• PROBLEM STATEMENT
Exact reproduction of all the data is required, with pictures excluded.

(Recorded data)

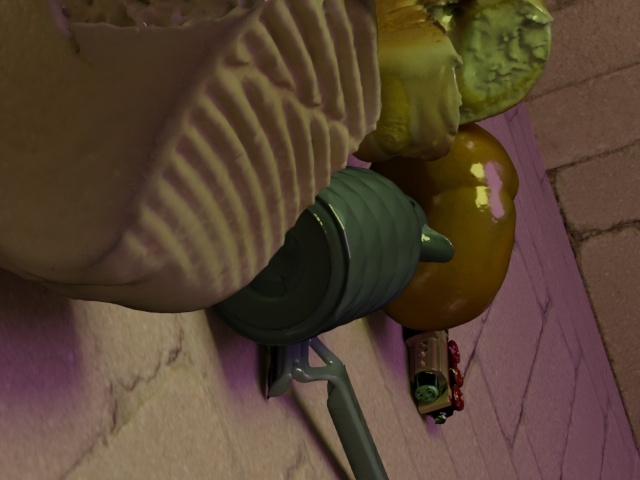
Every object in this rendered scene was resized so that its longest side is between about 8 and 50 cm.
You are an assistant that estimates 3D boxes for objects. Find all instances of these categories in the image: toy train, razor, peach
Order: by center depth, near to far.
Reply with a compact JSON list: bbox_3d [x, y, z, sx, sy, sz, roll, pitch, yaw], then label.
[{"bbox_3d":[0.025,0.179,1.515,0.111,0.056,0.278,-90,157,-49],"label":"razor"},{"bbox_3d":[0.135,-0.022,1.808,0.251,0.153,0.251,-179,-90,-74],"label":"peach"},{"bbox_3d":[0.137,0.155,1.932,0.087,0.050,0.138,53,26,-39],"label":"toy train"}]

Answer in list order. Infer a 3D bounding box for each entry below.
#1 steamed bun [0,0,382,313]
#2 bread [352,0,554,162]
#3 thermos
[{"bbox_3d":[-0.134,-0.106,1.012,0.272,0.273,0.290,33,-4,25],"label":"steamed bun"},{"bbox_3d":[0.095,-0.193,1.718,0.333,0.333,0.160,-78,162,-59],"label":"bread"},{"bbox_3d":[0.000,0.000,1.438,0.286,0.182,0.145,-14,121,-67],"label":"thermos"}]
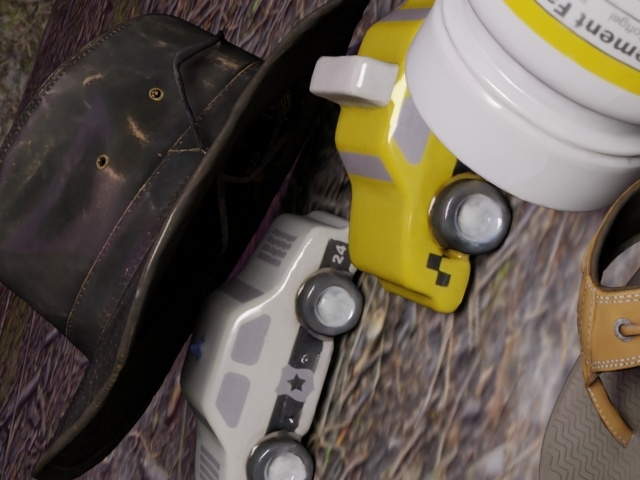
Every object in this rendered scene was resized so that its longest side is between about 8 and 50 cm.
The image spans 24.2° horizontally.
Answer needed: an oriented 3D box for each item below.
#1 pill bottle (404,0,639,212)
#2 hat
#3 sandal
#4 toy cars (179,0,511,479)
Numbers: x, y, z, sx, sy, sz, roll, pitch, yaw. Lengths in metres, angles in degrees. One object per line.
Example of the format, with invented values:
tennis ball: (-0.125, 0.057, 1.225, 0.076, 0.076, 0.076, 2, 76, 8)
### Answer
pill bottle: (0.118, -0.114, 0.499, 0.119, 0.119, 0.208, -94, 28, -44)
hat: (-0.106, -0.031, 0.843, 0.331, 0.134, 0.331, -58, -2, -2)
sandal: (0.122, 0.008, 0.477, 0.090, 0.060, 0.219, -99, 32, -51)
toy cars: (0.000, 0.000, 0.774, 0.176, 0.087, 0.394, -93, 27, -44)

• ANSWER TO THIS PROBLEM
Every object in this rendered scene was resized so that its longest side is between about 8 and 50 cm.
You are an assistant that estimates 3D boxes for objects. Find all instances of these categories in the image: toy train, razor, peach
Order: by center depth, near to far.
Reply with a compact JSON list: bbox_3d [x, y, z, sx, sy, sz, roll, pitch, yaw], then label.
[{"bbox_3d":[0.025,0.179,1.515,0.111,0.056,0.278,-90,157,-49],"label":"razor"},{"bbox_3d":[0.135,-0.022,1.808,0.251,0.153,0.251,-179,-90,-74],"label":"peach"},{"bbox_3d":[0.137,0.155,1.932,0.087,0.050,0.138,53,26,-39],"label":"toy train"}]

Answer in list order. Infer a 3D bounding box for each entry below.
#1 steamed bun [0,0,382,313]
#2 bread [352,0,554,162]
#3 thermos
[{"bbox_3d":[-0.134,-0.106,1.012,0.272,0.273,0.290,33,-4,25],"label":"steamed bun"},{"bbox_3d":[0.095,-0.193,1.718,0.333,0.333,0.160,-78,162,-59],"label":"bread"},{"bbox_3d":[0.000,0.000,1.438,0.286,0.182,0.145,-14,121,-67],"label":"thermos"}]
Every object in this rendered scene was resized so that its longest side is between about 8 and 50 cm.
The image spans 24.2° horizontally.
Answer needed: an oriented 3D box for each item below.
#1 pill bottle (404,0,639,212)
#2 hat
#3 sandal
#4 toy cars (179,0,511,479)
Numbers: x, y, z, sx, sy, sz, roll, pitch, yaw. Lengths in metres, angles in degrees. One object per line.
Example of the format, with invented values:
tennis ball: (-0.125, 0.057, 1.225, 0.076, 0.076, 0.076, 2, 76, 8)
### Answer
pill bottle: (0.118, -0.114, 0.499, 0.119, 0.119, 0.208, -94, 28, -44)
hat: (-0.106, -0.031, 0.843, 0.331, 0.134, 0.331, -58, -2, -2)
sandal: (0.122, 0.008, 0.477, 0.090, 0.060, 0.219, -99, 32, -51)
toy cars: (0.000, 0.000, 0.774, 0.176, 0.087, 0.394, -93, 27, -44)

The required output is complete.